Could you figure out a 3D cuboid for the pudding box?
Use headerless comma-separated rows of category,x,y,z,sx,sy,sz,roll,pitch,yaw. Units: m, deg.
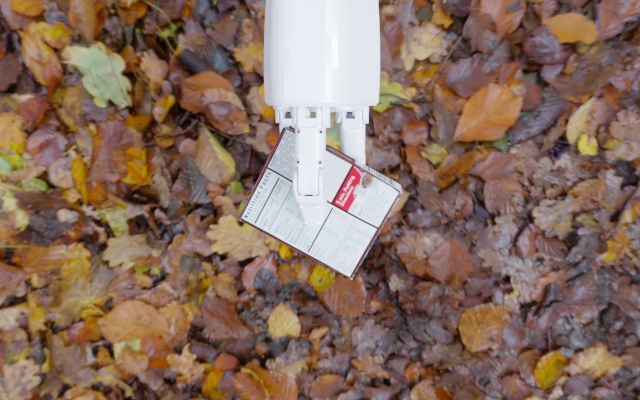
pudding box,0.000,0.001,0.408,0.113,0.090,0.039,29,11,1

## WHAT TO DO:
Repeat the material verbatim but without any of its pictures.

## SOLUTION:
Could you figure out a 3D cuboid for the pudding box?
Use headerless comma-separated rows of category,x,y,z,sx,sy,sz,roll,pitch,yaw. Units: m, deg.
pudding box,0.000,0.001,0.408,0.113,0.090,0.039,29,11,1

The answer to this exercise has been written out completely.